“The Future of Longitudinal Studies:
What we know; What we don’t know; What we need to
know”
Inferring Causality from Longitudinal Studies
Chaired By: Elizabeth Owens, University Of California, Berkeley
Friday, March 21, 2003
Diana Baumrind
"When are Causal Inferences Justified in the Debate about Physical
Discipline “Effects”?"
University of California, Berkeley
Causal inferences referring to “effects”
of physical discipline are not justified from the primary studies
synthesized in Gershoff’s (2002) meta-analytic review because
the great majority, even when longitudinal, were correlational and
failed to meet the elementary requisite conditions for making causal
inferences from correlational data. In the opinion of Overton, Editor
of the SRCD Monographs, data from most social science research,
including experimental research, do not justify causal terms such
as “influence”, “affect”, or “the
risk factor caused the behavior.” However, public policy application
of such research too often presumes it can support causal inferences.
For example, if divorce or physical punishment is not at least a
potential causal risk factor for the detrimental child attributes
with which it is correlated, then social policy recommendations
based on such findings, even from longitudinal research, would be
rash.
Although correlational evidence can never establish cause, such
evidence can support a principled argument that one characteristic
such as “spanking” is a plausible causal component in
producing another characteristic such as aggression, with which
it is correlated, provided that at least four conditions are all
met: 1) the phenomenon corresponding to “spanking” must
be bracketed to exclude very severe levels of physical punishment;
otherwise the correlation will merely reflect abusive levels, 2)
temporality must be established by controlling for the baseline
“outcome” variable in a prospective longitudinal design,
3) plausible rival methodological and substantive hypotheses must
be rigorously tested by statistically controlling for plausible
“third” variables, 4) reliable and valid measures of
putative dependent, independent and third variables must be employed.
In addition, ancillary desirable conditions include an effect size
sufficient to rule out the alternative hypothesis that the association
is due to a weak unmeasured confounder, and consistency in most
contexts and populations.
Unfortunately most correlational studies, even when longitudinal,
do not meet these criteria.

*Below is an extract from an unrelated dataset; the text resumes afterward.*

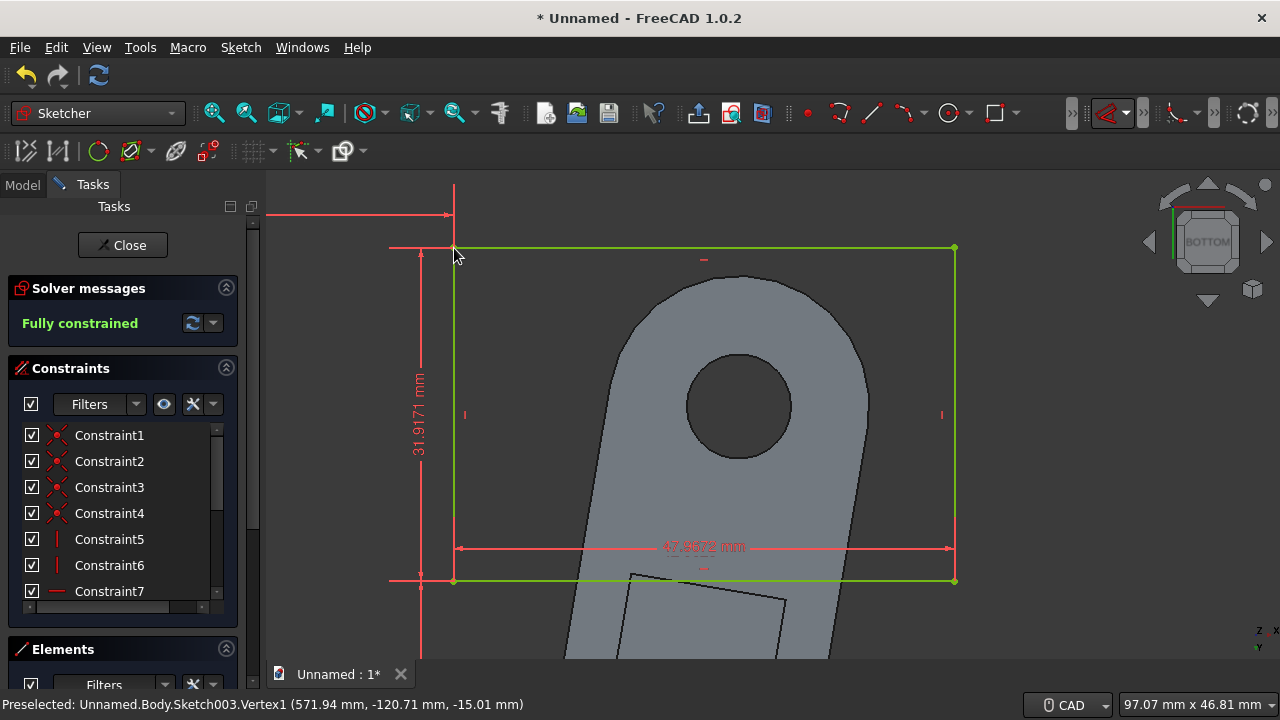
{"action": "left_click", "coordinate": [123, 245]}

For example, Gershoff’s meta-analysis
which inferred a causal relation between physical discipline and
various negative outcomes, did not meet these criteria well; yet
social policy implications were quickly and widely drawn.
In order to more adequately test whether there exists evidence to
support a principled argument that physical discipline causes the
child attributes with which it is linked, Baumrind and Owens, using
archival data from Baumrind’s Family Socialization and Developmental
Competence longitudinal program of research conducted a study of
children ages 4, 9 and 14 years, and their parents (based on 50
hours of observation and interviews) which met all the requisite
and desirable criteria previously summarized. For example, parents
who used physical punishment abusively (“red zone” families)
were separated from those whose use was normative in frequency and
intensity; a measure of initial child misbehavior was partialed
out; a plausible third variable, namely a reliable measures of consistent,
responsive discipline was covaried out; and reliable and valid measures
of parent and child measures obtained from independent sources were
employed. Before the “red zone” families were removed
the results looked similar to those of Gershoff. However, once these
very high risk families were removed and plausible third variables
covaried out correlations were close to zero. Furthermore, the link
between a measure of verbal discipline was at least as large as
that of physical discipline and in addition physical discipline
added no significant variance to that of the parent typology.
In sum, there was no evidence to support inferences from the correlational
studies in Gershoff’s meta-analysis to suggest that mild to
moderate spanking is associated with negative outcomes. Our research
illustrates the importance of testing plausible rival hypotheses
and keeping a very good longitudinal data set such that potentially
relevant third variables pertaining to alternative hypotheses can
be entered into statistical models first, and intervention selection
biases can be ruled out (e.g., spanking may be a “marker”
for other negative relational factors—not the “cause”
of negative outcomes). Our research also highlights the importance
of having reliable and valid measures of dependent, independent,
and third variables—so that it may be possible to statistically
control for these in prospective designs.